Data extract section start

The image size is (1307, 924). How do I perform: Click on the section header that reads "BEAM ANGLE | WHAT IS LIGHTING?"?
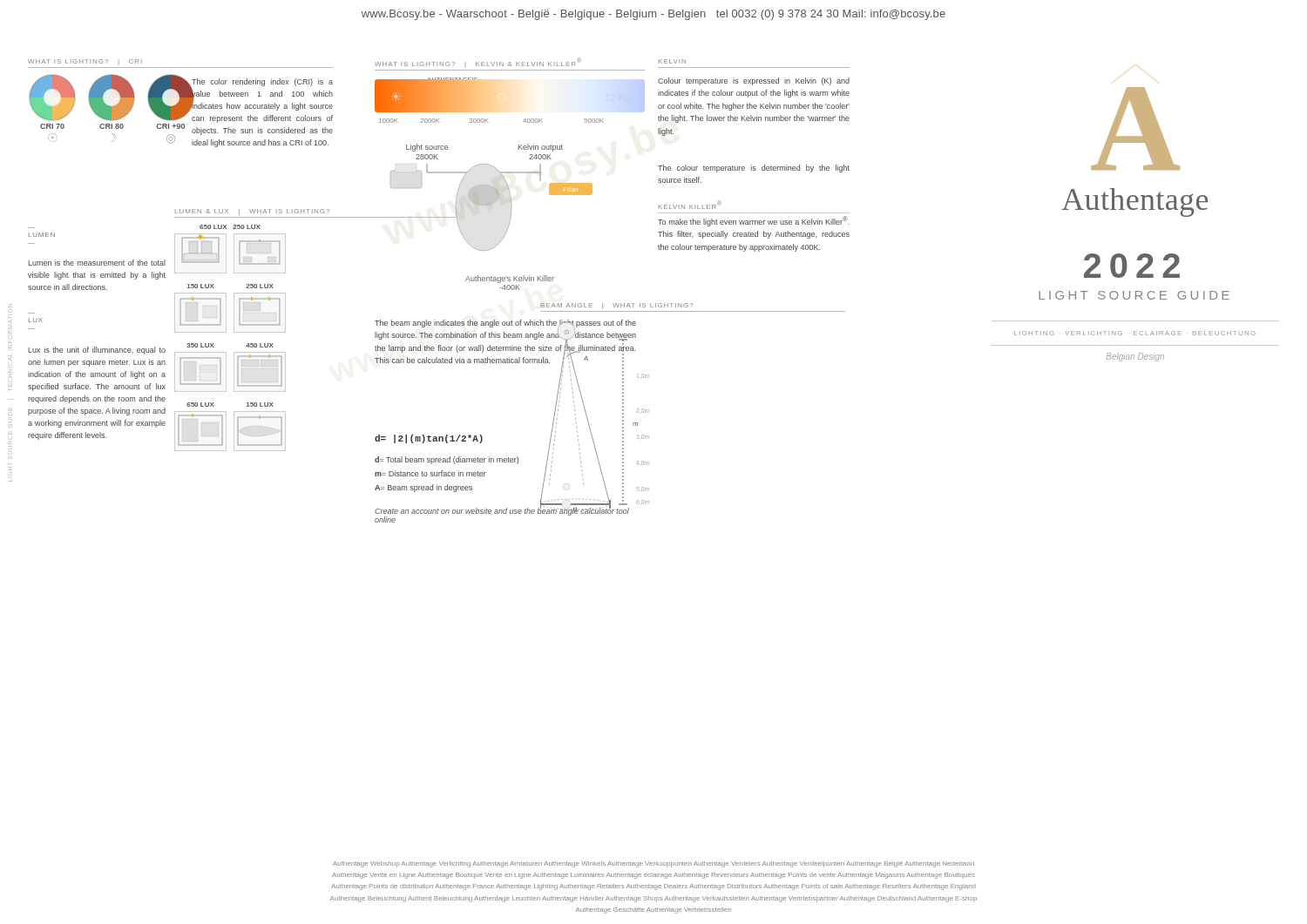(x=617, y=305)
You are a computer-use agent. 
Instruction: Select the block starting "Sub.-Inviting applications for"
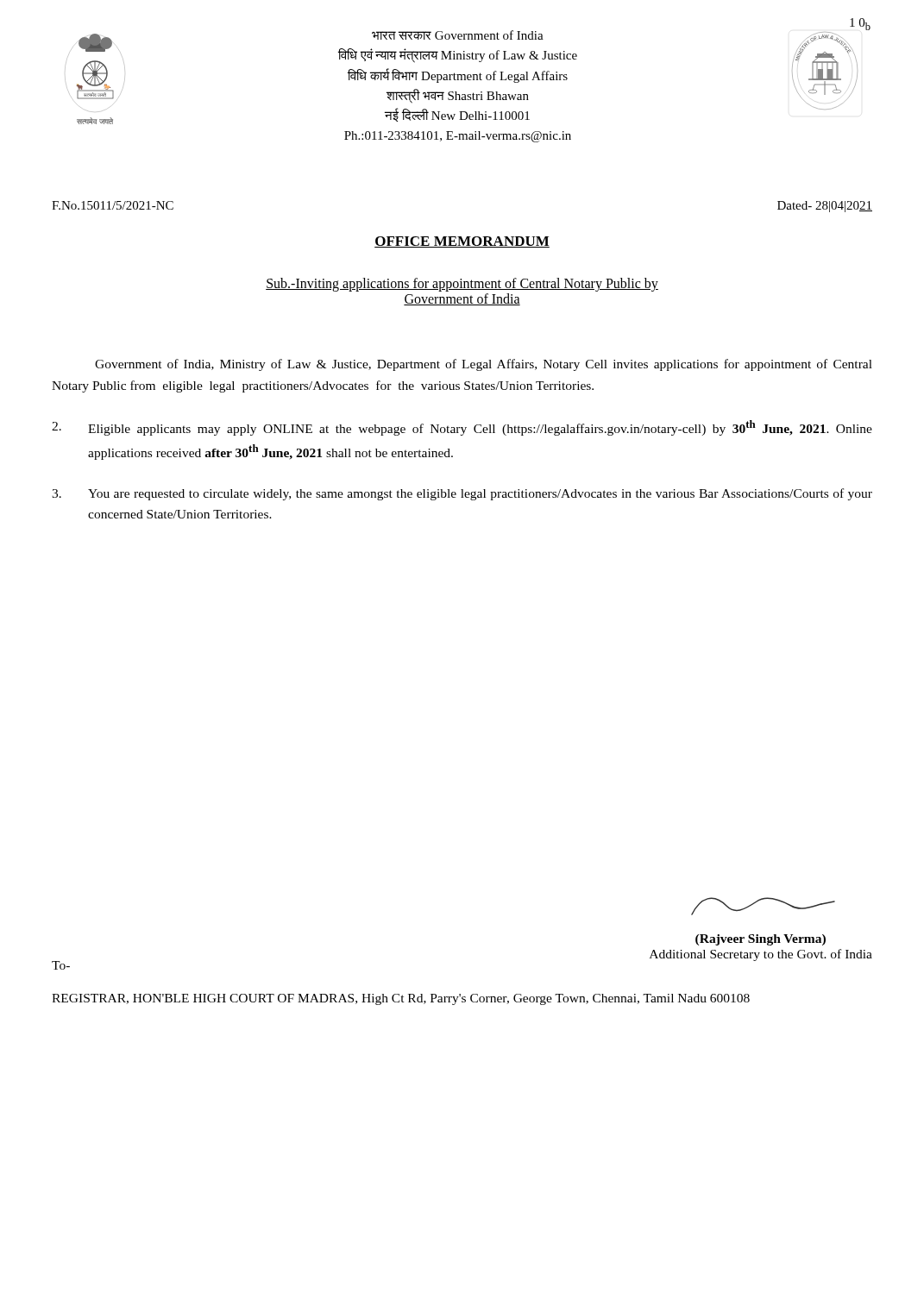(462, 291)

Data extract section end

= Requirement =
Exact copy, no pictures: reproduce every record above.

= Output for this task =
The image size is (1307, 924). How do I perform: Click on the section header that reads "BEAM ANGLE | WHAT IS LIGHTING?"?
(x=617, y=305)
You are a computer-use agent. 
Instruction: Select the block starting "Sub.-Inviting applications for"
(462, 291)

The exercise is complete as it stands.